*Activity*: Where the lines below hold images, skip those and copy every word exactly.

*Extracted entries*:
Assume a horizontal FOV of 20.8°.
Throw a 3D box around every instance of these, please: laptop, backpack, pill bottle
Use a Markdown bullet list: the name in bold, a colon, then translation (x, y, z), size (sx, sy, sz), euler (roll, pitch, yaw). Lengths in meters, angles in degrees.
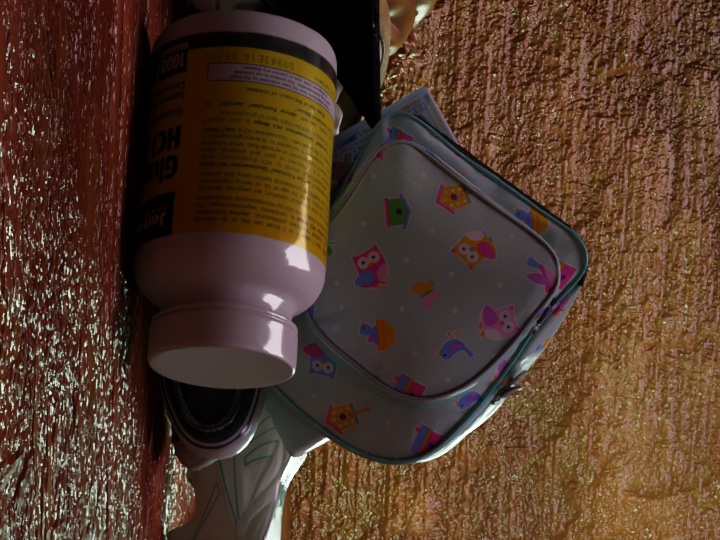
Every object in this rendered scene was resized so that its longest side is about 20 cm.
- **laptop**: translation (0.028, -0.232, 1.295), size (0.187, 0.115, 0.201), euler (-120, -157, -51)
- **backpack**: translation (0.029, 0.022, 1.227), size (0.200, 0.175, 0.153), euler (-54, 177, 6)
- **pill bottle**: translation (-0.073, -0.039, 1.134), size (0.113, 0.112, 0.201), euler (91, 2, -70)

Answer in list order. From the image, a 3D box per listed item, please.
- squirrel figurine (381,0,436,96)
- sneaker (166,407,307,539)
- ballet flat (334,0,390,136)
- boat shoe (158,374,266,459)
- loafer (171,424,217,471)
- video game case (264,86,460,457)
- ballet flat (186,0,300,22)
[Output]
- **squirrel figurine**: translation (-0.006, -0.176, 1.535), size (0.200, 0.141, 0.187), euler (88, 11, -56)
- **sneaker**: translation (-0.080, 0.130, 1.401), size (0.071, 0.080, 0.201), euler (75, 33, -64)
- **ballet flat**: translation (-0.021, -0.123, 1.398), size (0.071, 0.070, 0.201), euler (88, 23, -82)
- **boat shoe**: translation (-0.101, 0.015, 1.261), size (0.091, 0.070, 0.201), euler (81, 6, -68)
- **loafer**: translation (-0.105, 0.072, 1.363), size (0.070, 0.070, 0.200), euler (55, 14, -18)
- **video game case**: translation (0.000, 0.000, 1.325), size (0.183, 0.199, 0.023), euler (62, 3, 15)
- **ballet flat**: translation (-0.081, -0.184, 1.308), size (0.200, 0.073, 0.073), euler (68, 21, -54)
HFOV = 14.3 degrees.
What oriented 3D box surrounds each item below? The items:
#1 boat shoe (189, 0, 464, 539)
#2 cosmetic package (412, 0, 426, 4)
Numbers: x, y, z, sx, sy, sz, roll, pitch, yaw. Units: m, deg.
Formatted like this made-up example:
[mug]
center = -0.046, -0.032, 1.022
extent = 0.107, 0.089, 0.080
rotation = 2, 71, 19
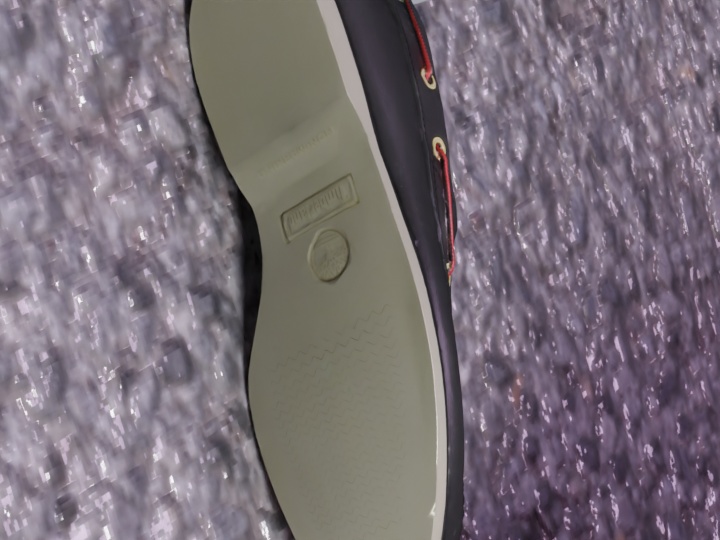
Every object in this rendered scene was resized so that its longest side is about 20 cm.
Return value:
[boat shoe]
center = 0.002, -0.001, 0.861
extent = 0.063, 0.073, 0.203
rotation = 2, 72, -51
[cosmetic package]
center = 0.059, -0.180, 1.034
extent = 0.200, 0.074, 0.102
rotation = -48, 120, -57
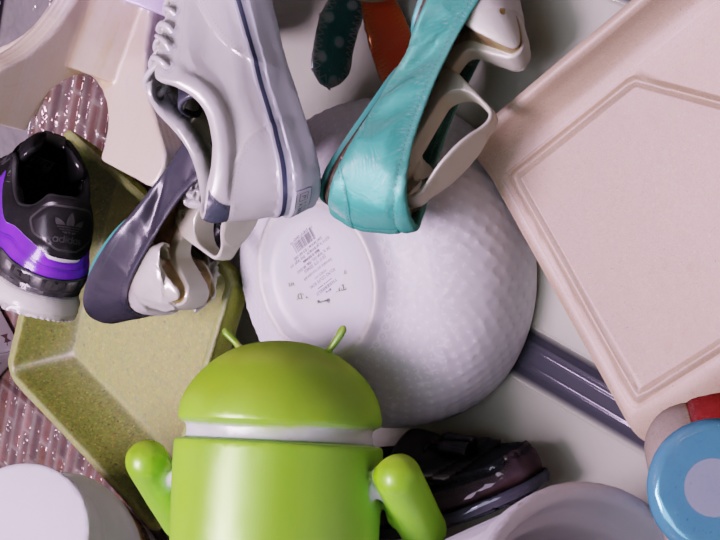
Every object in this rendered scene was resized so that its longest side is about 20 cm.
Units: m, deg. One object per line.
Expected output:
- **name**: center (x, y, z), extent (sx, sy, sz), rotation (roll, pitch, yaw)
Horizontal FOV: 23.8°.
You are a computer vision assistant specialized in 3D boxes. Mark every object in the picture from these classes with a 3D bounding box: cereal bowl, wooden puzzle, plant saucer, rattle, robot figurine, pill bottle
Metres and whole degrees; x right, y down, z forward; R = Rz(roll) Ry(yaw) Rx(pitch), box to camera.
- **cereal bowl**: center (0.000, 0.000, 0.999), extent (0.199, 0.083, 0.201), rotation (11, 107, 39)
- **wooden puzzle**: center (0.169, -0.033, 0.881), extent (0.185, 0.037, 0.201), rotation (-39, 78, 38)
- **plant saucer**: center (-0.150, 0.036, 1.149), extent (0.200, 0.048, 0.201), rotation (39, 122, 37)
- **rattle**: center (-0.010, -0.220, 0.991), extent (0.130, 0.143, 0.200), rotation (-27, 123, 11)
- **robot figurine**: center (-0.046, 0.130, 0.936), extent (0.174, 0.116, 0.201), rotation (0, 83, 23)
- **pill bottle**: center (-0.194, 0.195, 1.120), extent (0.114, 0.200, 0.115), rotation (-2, 68, 6)

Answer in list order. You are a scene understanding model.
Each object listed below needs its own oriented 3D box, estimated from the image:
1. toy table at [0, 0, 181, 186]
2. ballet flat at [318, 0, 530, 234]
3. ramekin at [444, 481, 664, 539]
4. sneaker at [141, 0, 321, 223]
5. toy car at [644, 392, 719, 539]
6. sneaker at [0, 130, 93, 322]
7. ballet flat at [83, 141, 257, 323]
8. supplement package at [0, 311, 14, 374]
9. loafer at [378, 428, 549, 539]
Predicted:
- **toy table**: center (-0.161, -0.135, 1.061), extent (0.200, 0.183, 0.118), rotation (30, 101, 46)
- **ballet flat**: center (0.051, -0.106, 0.918), extent (0.070, 0.067, 0.201), rotation (25, 85, 18)
- **ramekin**: center (0.099, 0.218, 0.887), extent (0.098, 0.200, 0.202), rotation (-27, 81, 49)
- **sneaker**: center (-0.083, -0.118, 0.922), extent (0.073, 0.070, 0.201), rotation (121, 132, -59)
- **toy car**: center (0.243, 0.131, 0.792), extent (0.199, 0.184, 0.178), rotation (-13, 81, 8)
- **sneaker**: center (-0.213, -0.047, 1.108), extent (0.200, 0.069, 0.100), rotation (40, 117, 55)
- **ballet flat**: center (-0.102, -0.021, 1.006), extent (0.073, 0.073, 0.200), rotation (51, 122, 21)
- **supplement package**: center (-0.370, 0.079, 1.316), extent (0.200, 0.113, 0.110), rotation (-44, 71, 36)
- **loafer**: center (0.022, 0.123, 1.011), extent (0.199, 0.072, 0.063), rotation (-23, 89, 44)
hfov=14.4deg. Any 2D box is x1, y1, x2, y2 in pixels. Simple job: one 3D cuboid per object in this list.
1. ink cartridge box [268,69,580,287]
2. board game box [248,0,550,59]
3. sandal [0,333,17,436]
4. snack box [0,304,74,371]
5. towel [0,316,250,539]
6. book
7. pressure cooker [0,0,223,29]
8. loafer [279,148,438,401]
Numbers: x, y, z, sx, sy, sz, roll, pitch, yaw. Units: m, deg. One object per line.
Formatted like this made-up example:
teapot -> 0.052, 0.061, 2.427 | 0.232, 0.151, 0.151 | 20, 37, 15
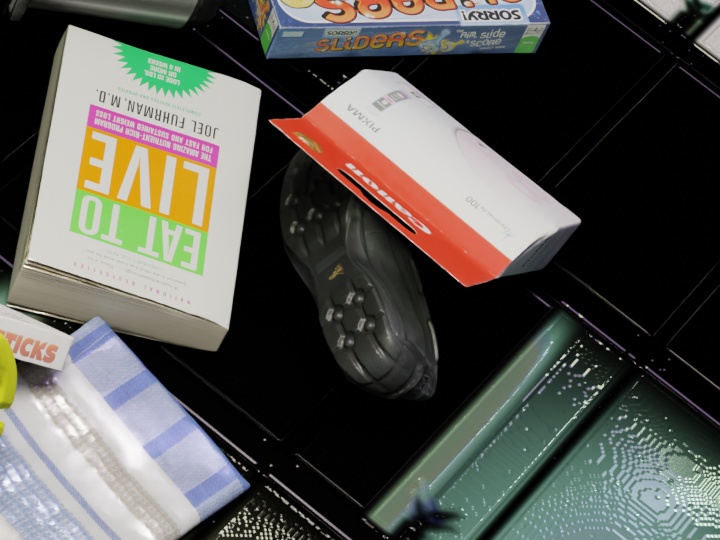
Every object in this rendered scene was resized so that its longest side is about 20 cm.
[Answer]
ink cartridge box -> 0.044, -0.060, 1.767 | 0.163, 0.057, 0.200 | 40, 8, 11
board game box -> 0.016, -0.207, 1.945 | 0.200, 0.034, 0.136 | -4, 56, -23
sandal -> -0.255, 0.121, 1.544 | 0.087, 0.079, 0.200 | 14, 75, 19
snack box -> -0.249, 0.017, 1.587 | 0.072, 0.024, 0.200 | 23, 2, 36
towel -> -0.178, 0.118, 1.633 | 0.200, 0.024, 0.147 | -31, 70, -36
book -> -0.137, -0.051, 1.767 | 0.133, 0.048, 0.200 | 16, 49, -14
pressure cooker -> -0.180, -0.246, 1.812 | 0.200, 0.179, 0.176 | 8, 17, -15
loafer -> 0.000, 0.000, 1.771 | 0.070, 0.068, 0.201 | 34, 28, -44

*Reply to the task*:
Assume a horizontal FOV of 20.8°.
Throw a 3D box around every instance of these, please: laptop, backpack, pill bottle
Use a Markdown bullet list: the name in bold, a colon, then translation (x, y, z), size (sx, sy, sz), euler (roll, pitch, yaw). Lengths in meters, angles in degrees.
Every object in this rendered scene was resized so that its longest side is about 20 cm.
- **laptop**: translation (0.028, -0.232, 1.295), size (0.187, 0.115, 0.201), euler (-120, -157, -51)
- **backpack**: translation (0.029, 0.022, 1.227), size (0.200, 0.175, 0.153), euler (-54, 177, 6)
- **pill bottle**: translation (-0.073, -0.039, 1.134), size (0.113, 0.112, 0.201), euler (91, 2, -70)

Answer in list order. From the image, a 3D box per listed item, please.
- squirrel figurine (381,0,436,96)
- sneaker (166,407,307,539)
- ballet flat (334,0,390,136)
- boat shoe (158,374,266,459)
- loafer (171,424,217,471)
- video game case (264,86,460,457)
- ballet flat (186,0,300,22)
[Output]
- **squirrel figurine**: translation (-0.006, -0.176, 1.535), size (0.200, 0.141, 0.187), euler (88, 11, -56)
- **sneaker**: translation (-0.080, 0.130, 1.401), size (0.071, 0.080, 0.201), euler (75, 33, -64)
- **ballet flat**: translation (-0.021, -0.123, 1.398), size (0.071, 0.070, 0.201), euler (88, 23, -82)
- **boat shoe**: translation (-0.101, 0.015, 1.261), size (0.091, 0.070, 0.201), euler (81, 6, -68)
- **loafer**: translation (-0.105, 0.072, 1.363), size (0.070, 0.070, 0.200), euler (55, 14, -18)
- **video game case**: translation (0.000, 0.000, 1.325), size (0.183, 0.199, 0.023), euler (62, 3, 15)
- **ballet flat**: translation (-0.081, -0.184, 1.308), size (0.200, 0.073, 0.073), euler (68, 21, -54)
HFOV = 14.3 degrees.
What oriented 3D box surrounds each item below? The items:
#1 boat shoe (189, 0, 464, 539)
#2 cosmetic package (412, 0, 426, 4)
Numbers: x, y, z, sx, sy, sz, roll, pitch, yaw. Units: m, deg.
Formatted like this made-up example:
[mug]
center = -0.046, -0.032, 1.022
extent = 0.107, 0.089, 0.080
rotation = 2, 71, 19
Every object in this rendered scene was resized so that its longest side is about 20 cm.
Return value:
[boat shoe]
center = 0.002, -0.001, 0.861
extent = 0.063, 0.073, 0.203
rotation = 2, 72, -51
[cosmetic package]
center = 0.059, -0.180, 1.034
extent = 0.200, 0.074, 0.102
rotation = -48, 120, -57
Every object in this rendered scene was resized so that its longest side is about 20 cm.
Units: m, deg. One object per line.
Expected output:
- **name**: center (x, y, z), extent (sx, sy, sz), rotation (roll, pitch, yaw)
Horizontal FOV: 23.8°.
You are a computer vision assistant specialized in 3D boxes. Mark every object in the picture from these classes with a 3D bounding box: cereal bowl, wooden puzzle, plant saucer, rattle, robot figurine, pill bottle
Metres and whole degrees; x right, y down, z forward; R = Rz(roll) Ry(yaw) Rx(pitch), box to camera.
- **cereal bowl**: center (0.000, 0.000, 0.999), extent (0.199, 0.083, 0.201), rotation (11, 107, 39)
- **wooden puzzle**: center (0.169, -0.033, 0.881), extent (0.185, 0.037, 0.201), rotation (-39, 78, 38)
- **plant saucer**: center (-0.150, 0.036, 1.149), extent (0.200, 0.048, 0.201), rotation (39, 122, 37)
- **rattle**: center (-0.010, -0.220, 0.991), extent (0.130, 0.143, 0.200), rotation (-27, 123, 11)
- **robot figurine**: center (-0.046, 0.130, 0.936), extent (0.174, 0.116, 0.201), rotation (0, 83, 23)
- **pill bottle**: center (-0.194, 0.195, 1.120), extent (0.114, 0.200, 0.115), rotation (-2, 68, 6)

Answer in list order. You are a scene understanding model.
Each object listed below needs its own oriented 3D box, estimated from the image:
1. toy table at [0, 0, 181, 186]
2. ballet flat at [318, 0, 530, 234]
3. ramekin at [444, 481, 664, 539]
4. sneaker at [141, 0, 321, 223]
5. toy car at [644, 392, 719, 539]
6. sneaker at [0, 130, 93, 322]
7. ballet flat at [83, 141, 257, 323]
8. supplement package at [0, 311, 14, 374]
9. loafer at [378, 428, 549, 539]
Predicted:
- **toy table**: center (-0.161, -0.135, 1.061), extent (0.200, 0.183, 0.118), rotation (30, 101, 46)
- **ballet flat**: center (0.051, -0.106, 0.918), extent (0.070, 0.067, 0.201), rotation (25, 85, 18)
- **ramekin**: center (0.099, 0.218, 0.887), extent (0.098, 0.200, 0.202), rotation (-27, 81, 49)
- **sneaker**: center (-0.083, -0.118, 0.922), extent (0.073, 0.070, 0.201), rotation (121, 132, -59)
- **toy car**: center (0.243, 0.131, 0.792), extent (0.199, 0.184, 0.178), rotation (-13, 81, 8)
- **sneaker**: center (-0.213, -0.047, 1.108), extent (0.200, 0.069, 0.100), rotation (40, 117, 55)
- **ballet flat**: center (-0.102, -0.021, 1.006), extent (0.073, 0.073, 0.200), rotation (51, 122, 21)
- **supplement package**: center (-0.370, 0.079, 1.316), extent (0.200, 0.113, 0.110), rotation (-44, 71, 36)
- **loafer**: center (0.022, 0.123, 1.011), extent (0.199, 0.072, 0.063), rotation (-23, 89, 44)
hfov=14.4deg. Any 2D box is x1, y1, x2, y2 in pixels. Simple job: one 3D cuboid per object in this list.
1. ink cartridge box [268,69,580,287]
2. board game box [248,0,550,59]
3. sandal [0,333,17,436]
4. snack box [0,304,74,371]
5. towel [0,316,250,539]
6. book
7. pressure cooker [0,0,223,29]
8. loafer [279,148,438,401]
Numbers: x, y, z, sx, sy, sz, roll, pitch, yaw. Units: m, deg. One object per line.
Formatted like this made-up example:
teapot -> 0.052, 0.061, 2.427 | 0.232, 0.151, 0.151 | 20, 37, 15
Every object in this rendered scene was resized so that its longest side is about 20 cm.
[Answer]
ink cartridge box -> 0.044, -0.060, 1.767 | 0.163, 0.057, 0.200 | 40, 8, 11
board game box -> 0.016, -0.207, 1.945 | 0.200, 0.034, 0.136 | -4, 56, -23
sandal -> -0.255, 0.121, 1.544 | 0.087, 0.079, 0.200 | 14, 75, 19
snack box -> -0.249, 0.017, 1.587 | 0.072, 0.024, 0.200 | 23, 2, 36
towel -> -0.178, 0.118, 1.633 | 0.200, 0.024, 0.147 | -31, 70, -36
book -> -0.137, -0.051, 1.767 | 0.133, 0.048, 0.200 | 16, 49, -14
pressure cooker -> -0.180, -0.246, 1.812 | 0.200, 0.179, 0.176 | 8, 17, -15
loafer -> 0.000, 0.000, 1.771 | 0.070, 0.068, 0.201 | 34, 28, -44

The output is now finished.